In this conventional column-fast approach in which the same row address is retained for multiple programming operations, the word line voltage VWL is deactivated between column addresses. As such, following the fall time tVWLD of the word line voltage VWL, commencing with the bit line voltage VBL reaching its inactive level, a new column address m+1 (which need not be the next sequential column in the array) can then be presented and decoded, along with the input data value corresponding to that address. The same word line corresponding to row address n is then driven to its high voltage VHV, allowing a rise time tVWLS, following which the bit line corresponding to the new column address m+1 is then driven to its high level VPPFL, if the input data indicates that the cell is to be programmed.

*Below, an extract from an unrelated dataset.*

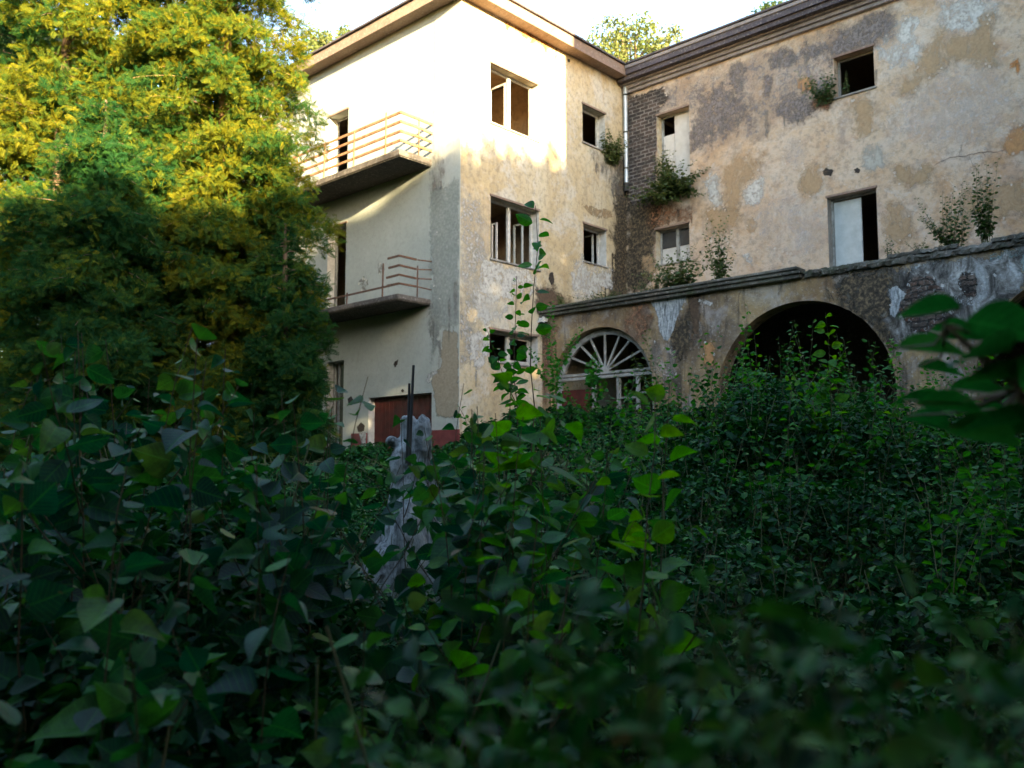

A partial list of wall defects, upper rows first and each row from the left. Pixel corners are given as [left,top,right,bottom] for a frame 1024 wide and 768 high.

The column-fast programming approach for EEPROM emulation mode as shown in FIG. 1c is known to greatly improve the efficiency of programming flash memory from that in a “random access” mode in which both the row and column address must be presented with each programming pulse. The programming “overhead” time is reduced by this column-fast mode to on the order of 8 μsec per address location, as opposed to 20 μsec per address location in the random access mode. However, as evident from FIG. 1c, each incremental additional programming pulse in a row requires a minimum of the word line rise time tVWLS, the programming pulse tPRG, and the word line fall time tVWLD. As such, the overall programming process in conventional EEPROMs is limited by this sum of these specified time periods, and by the limited number of bits that can be programmed in parallel.
By way of further background, access modes such as “page mode” and “extended data out (EDO)” in dynamic random access memories (DRAM) are known in the art. In these DRAM access modes, a row in the memory array is selected and remains active while multiple column addresses are decoded in sequence, to access multiple cells within the same addressed row within the single row address cycle.